◆ TASK TO COMPLETE: Your task is to filter the entries and copy every line containing the string "truck".

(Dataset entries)

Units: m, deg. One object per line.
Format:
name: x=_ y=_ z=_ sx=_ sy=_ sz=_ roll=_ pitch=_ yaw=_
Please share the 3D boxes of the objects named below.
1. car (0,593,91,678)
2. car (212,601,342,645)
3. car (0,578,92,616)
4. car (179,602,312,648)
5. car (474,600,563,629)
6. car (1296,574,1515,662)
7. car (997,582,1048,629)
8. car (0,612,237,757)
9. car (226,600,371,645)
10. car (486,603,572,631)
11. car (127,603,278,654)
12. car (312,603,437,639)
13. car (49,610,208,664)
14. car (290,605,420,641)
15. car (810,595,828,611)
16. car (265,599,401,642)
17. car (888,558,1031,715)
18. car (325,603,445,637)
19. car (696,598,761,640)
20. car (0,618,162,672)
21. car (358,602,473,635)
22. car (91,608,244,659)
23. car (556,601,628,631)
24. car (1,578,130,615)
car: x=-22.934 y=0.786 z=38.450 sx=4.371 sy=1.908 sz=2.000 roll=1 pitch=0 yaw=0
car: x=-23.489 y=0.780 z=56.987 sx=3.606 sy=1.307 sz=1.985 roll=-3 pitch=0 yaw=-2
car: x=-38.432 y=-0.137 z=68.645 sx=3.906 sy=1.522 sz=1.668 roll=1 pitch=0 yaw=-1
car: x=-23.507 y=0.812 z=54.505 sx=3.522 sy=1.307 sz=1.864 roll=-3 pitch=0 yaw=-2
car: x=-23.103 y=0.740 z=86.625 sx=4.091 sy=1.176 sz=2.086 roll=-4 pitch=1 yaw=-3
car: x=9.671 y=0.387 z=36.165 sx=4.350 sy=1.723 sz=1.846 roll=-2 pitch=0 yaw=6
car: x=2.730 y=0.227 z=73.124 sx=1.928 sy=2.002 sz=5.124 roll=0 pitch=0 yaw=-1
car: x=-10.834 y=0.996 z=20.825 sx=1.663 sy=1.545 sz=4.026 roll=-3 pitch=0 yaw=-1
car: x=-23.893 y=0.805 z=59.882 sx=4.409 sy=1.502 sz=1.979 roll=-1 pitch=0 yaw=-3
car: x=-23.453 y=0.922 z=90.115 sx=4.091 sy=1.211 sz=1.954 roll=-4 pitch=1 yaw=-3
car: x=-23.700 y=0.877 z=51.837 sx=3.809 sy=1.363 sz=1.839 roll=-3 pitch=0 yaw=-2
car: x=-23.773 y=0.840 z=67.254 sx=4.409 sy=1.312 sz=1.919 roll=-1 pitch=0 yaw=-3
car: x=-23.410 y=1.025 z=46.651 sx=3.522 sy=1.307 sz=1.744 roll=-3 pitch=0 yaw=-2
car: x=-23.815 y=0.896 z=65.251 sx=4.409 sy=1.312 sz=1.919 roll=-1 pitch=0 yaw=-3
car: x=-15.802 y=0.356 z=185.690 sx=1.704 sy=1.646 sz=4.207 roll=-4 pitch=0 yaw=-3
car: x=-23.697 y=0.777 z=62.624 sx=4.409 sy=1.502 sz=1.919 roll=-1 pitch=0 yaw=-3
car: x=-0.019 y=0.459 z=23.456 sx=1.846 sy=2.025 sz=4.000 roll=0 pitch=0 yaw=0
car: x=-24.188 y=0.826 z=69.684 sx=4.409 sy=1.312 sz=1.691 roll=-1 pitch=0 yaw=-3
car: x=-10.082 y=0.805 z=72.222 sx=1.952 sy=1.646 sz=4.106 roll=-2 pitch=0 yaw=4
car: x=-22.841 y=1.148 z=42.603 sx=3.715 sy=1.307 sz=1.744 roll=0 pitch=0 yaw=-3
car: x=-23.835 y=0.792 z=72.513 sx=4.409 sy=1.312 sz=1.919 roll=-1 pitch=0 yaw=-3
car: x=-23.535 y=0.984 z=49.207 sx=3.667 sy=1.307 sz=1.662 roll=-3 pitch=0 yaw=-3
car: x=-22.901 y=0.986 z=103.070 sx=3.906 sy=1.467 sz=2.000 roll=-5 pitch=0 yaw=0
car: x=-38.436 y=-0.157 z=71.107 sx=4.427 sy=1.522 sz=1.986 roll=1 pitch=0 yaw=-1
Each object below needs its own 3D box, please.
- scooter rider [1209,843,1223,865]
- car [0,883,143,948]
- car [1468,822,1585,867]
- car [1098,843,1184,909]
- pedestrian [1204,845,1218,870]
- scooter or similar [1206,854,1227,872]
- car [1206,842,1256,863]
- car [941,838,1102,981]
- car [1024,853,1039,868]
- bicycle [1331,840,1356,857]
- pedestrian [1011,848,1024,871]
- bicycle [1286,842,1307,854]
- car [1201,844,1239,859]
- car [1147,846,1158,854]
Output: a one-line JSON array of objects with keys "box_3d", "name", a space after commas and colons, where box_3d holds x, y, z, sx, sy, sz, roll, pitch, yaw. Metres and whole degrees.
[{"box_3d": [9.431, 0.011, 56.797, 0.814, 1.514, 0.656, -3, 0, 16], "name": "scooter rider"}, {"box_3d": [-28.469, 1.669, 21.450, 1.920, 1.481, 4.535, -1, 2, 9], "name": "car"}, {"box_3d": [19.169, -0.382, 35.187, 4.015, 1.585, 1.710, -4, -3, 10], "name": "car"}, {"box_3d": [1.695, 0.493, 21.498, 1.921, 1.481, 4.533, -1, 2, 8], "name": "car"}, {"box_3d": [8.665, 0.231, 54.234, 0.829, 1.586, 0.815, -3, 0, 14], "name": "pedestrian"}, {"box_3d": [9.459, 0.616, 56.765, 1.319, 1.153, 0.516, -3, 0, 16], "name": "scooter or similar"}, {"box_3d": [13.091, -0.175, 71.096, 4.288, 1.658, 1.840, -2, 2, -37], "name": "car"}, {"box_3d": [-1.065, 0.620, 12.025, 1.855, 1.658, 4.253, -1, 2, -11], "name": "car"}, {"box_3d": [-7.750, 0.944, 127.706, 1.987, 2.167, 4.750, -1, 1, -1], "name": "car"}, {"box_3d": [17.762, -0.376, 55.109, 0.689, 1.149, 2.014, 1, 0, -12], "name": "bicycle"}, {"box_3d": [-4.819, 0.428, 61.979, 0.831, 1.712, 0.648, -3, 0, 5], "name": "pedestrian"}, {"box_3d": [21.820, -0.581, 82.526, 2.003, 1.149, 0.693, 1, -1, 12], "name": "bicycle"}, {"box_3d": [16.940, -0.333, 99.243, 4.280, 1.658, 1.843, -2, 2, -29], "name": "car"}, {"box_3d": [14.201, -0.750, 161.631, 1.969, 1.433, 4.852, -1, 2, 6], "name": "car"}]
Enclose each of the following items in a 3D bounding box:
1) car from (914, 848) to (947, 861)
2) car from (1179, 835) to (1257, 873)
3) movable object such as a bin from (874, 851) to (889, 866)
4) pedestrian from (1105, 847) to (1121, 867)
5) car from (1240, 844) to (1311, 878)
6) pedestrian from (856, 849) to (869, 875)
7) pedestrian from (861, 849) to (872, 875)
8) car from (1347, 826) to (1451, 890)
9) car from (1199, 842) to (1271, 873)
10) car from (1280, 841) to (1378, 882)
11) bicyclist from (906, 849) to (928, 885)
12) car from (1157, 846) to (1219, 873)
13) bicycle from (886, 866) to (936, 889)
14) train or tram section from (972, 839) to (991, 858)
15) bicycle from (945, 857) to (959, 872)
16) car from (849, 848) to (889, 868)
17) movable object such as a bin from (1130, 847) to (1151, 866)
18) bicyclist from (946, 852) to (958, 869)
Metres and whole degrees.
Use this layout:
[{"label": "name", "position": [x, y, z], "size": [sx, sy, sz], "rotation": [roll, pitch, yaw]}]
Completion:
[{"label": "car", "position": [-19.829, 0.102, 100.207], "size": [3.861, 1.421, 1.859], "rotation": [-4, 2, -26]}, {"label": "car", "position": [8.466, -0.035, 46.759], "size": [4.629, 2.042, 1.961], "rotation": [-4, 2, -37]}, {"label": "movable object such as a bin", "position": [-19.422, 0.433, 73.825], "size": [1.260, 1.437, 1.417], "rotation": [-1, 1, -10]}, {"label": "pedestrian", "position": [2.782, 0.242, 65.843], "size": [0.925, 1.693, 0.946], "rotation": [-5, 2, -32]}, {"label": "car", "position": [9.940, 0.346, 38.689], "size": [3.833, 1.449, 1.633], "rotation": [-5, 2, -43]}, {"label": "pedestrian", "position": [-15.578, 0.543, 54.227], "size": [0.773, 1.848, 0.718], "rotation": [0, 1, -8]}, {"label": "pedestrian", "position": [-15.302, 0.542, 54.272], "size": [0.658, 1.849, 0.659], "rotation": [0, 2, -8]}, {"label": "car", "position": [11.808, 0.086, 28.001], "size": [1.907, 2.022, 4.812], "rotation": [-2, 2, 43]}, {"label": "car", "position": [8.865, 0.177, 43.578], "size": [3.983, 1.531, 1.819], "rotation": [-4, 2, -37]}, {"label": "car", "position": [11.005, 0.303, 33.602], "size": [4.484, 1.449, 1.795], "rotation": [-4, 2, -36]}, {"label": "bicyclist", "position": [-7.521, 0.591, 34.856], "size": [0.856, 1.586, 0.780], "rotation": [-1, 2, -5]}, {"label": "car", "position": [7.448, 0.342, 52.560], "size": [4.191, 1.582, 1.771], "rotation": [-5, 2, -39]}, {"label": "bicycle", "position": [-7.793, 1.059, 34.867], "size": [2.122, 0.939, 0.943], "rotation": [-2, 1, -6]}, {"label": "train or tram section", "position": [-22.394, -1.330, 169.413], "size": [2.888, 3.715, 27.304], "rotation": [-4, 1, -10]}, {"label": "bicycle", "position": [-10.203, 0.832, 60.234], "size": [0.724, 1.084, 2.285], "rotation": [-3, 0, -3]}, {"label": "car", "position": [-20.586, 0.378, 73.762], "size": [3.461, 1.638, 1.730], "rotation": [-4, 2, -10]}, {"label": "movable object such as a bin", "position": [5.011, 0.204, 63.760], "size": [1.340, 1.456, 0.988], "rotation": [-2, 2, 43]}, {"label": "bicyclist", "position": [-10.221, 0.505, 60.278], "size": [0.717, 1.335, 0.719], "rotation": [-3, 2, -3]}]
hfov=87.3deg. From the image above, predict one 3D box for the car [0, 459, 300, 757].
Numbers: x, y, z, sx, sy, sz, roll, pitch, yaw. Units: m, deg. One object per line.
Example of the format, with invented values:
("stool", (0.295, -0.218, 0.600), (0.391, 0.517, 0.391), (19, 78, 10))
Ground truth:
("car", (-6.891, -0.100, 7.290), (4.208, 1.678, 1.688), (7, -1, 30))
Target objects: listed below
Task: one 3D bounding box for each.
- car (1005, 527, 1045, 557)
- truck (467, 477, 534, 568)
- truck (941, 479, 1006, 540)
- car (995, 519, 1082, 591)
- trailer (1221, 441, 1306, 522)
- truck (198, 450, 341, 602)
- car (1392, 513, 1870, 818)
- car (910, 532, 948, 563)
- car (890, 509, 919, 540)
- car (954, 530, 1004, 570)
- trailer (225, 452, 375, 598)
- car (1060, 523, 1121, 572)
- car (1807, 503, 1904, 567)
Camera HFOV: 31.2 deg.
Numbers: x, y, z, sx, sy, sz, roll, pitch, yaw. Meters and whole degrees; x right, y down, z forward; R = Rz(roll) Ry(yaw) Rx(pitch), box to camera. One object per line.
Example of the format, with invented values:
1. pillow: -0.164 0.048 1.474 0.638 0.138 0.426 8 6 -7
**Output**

◆ RESPONSE TO THE TASK:
- truck (467, 477, 534, 568)
- truck (941, 479, 1006, 540)
- truck (198, 450, 341, 602)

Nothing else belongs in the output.